Published Date: 07.06.2025 14:23 / Politics

Proud Boys File $100M Jan. 6 Lawsuit

Proud Boys File $100M Jan. 6 Lawsuit

Five Proud Boys members file federal lawsuit alleging constitutional violations in Jan. 6 prosecutions.

Proud Boys Seek Damages Over DOJ, FBI Tactics

Five members of the Proud Boys have filed a $100 million lawsuit against the United States government, accusing federal agencies of violating their constitutional rights during the prosecution of their alleged involvement in the January 6, 2021, U.S. Capitol attack.

The plaintiffs—Enrique Tarrio, Zachary Rehl, Ethan Nordean, Joseph Biggs, and Dominic Pezzola—filed the civil action in federal court in Florida. They allege that officials in the Department of Justice (DOJ) and the Federal Bureau of Investigation (FBI) engaged in “egregious and systemic abuse” of the legal system to target political allies of President Donald Trump.

The lawsuit claims the prosecutions involved evidence tampering, witness intimidation, attorney-client privilege violations, and infiltration of defense strategy via government-placed informants. The plaintiffs likened their treatment to medieval public punishments intended to silence dissent, stating the government’s objective was to “imprison the J6 Defendants… as a warning to any who would think to challenge the status quo.”

Trump Pardons Follow Lengthy Sentences

Four of the five men were previously convicted of seditious conspiracy related to the Capitol breach.

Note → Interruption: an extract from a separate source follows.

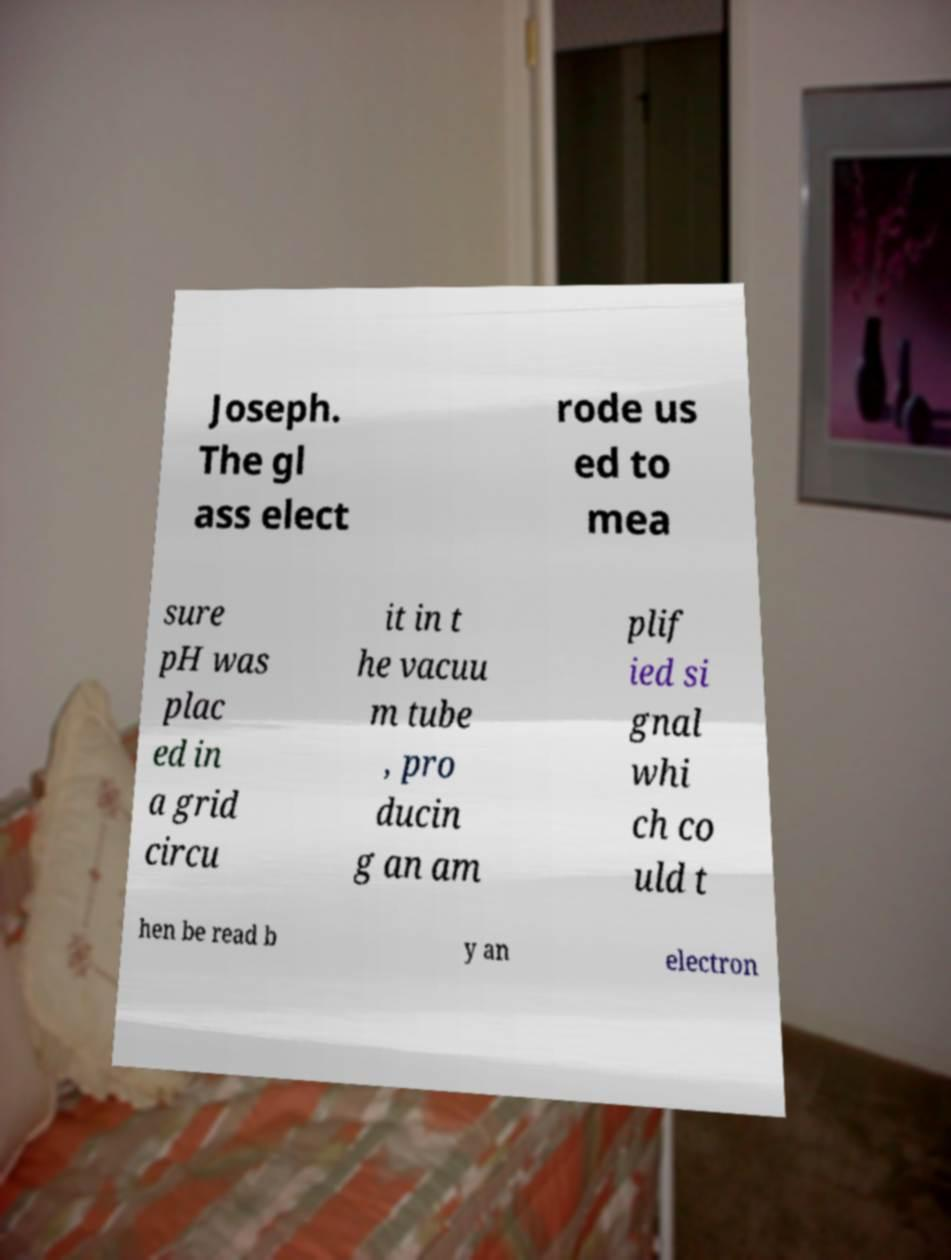There's text embedded in this image that I need extracted. Can you transcribe it verbatim? Joseph. The gl ass elect rode us ed to mea sure pH was plac ed in a grid circu it in t he vacuu m tube , pro ducin g an am plif ied si gnal whi ch co uld t hen be read b y an electron

Tarrio, who was not physically present on January 6 due to a prior arrest barring him from Washington, D.C., received the harshest sentence: 22 years. Nordean, Biggs, and Rehl were sentenced to 18, 17, and 15 years respectively. Pezzola, convicted of conspiracy to obstruct Congress, received a 10-year sentence.

President Trump commuted or pardoned each of the men after taking office this year, actions that have since enabled them to pursue legal redress for their treatment. “Now that the Plaintiffs are vindicated, free, and able to once again exercise their rights as American citizens, they bring this action against their tormentors,” the lawsuit states. They cite violations of their Fourth, Fifth, and Sixth Amendment rights, as well as the common law torts of malicious prosecution and false imprisonment.

Prosecutors had accused the group of organizing the Capitol breach using a novel legal theory referred to in the complaint as the “tool theory” of criminal conspiracy. According to the plaintiffs, they were effectively convicted of “stochastic terrorism,” a term they claim was used to criminalize protected political speech.

Among the claims in the lawsuit is the assertion that the DOJ lacked probable cause to conduct home raids on the defendants. Pezzola, in particular, had been captured on video using a police riot shield to initiate the Capitol breach, which prosecutors cited as key evidence during the trial.

The DOJ has not publicly responded to the suit. The case brings renewed attention to the legal tactics used in post-January 6 prosecutions and raises broader questions about the boundaries of political expression, prosecutorial conduct, and government accountability.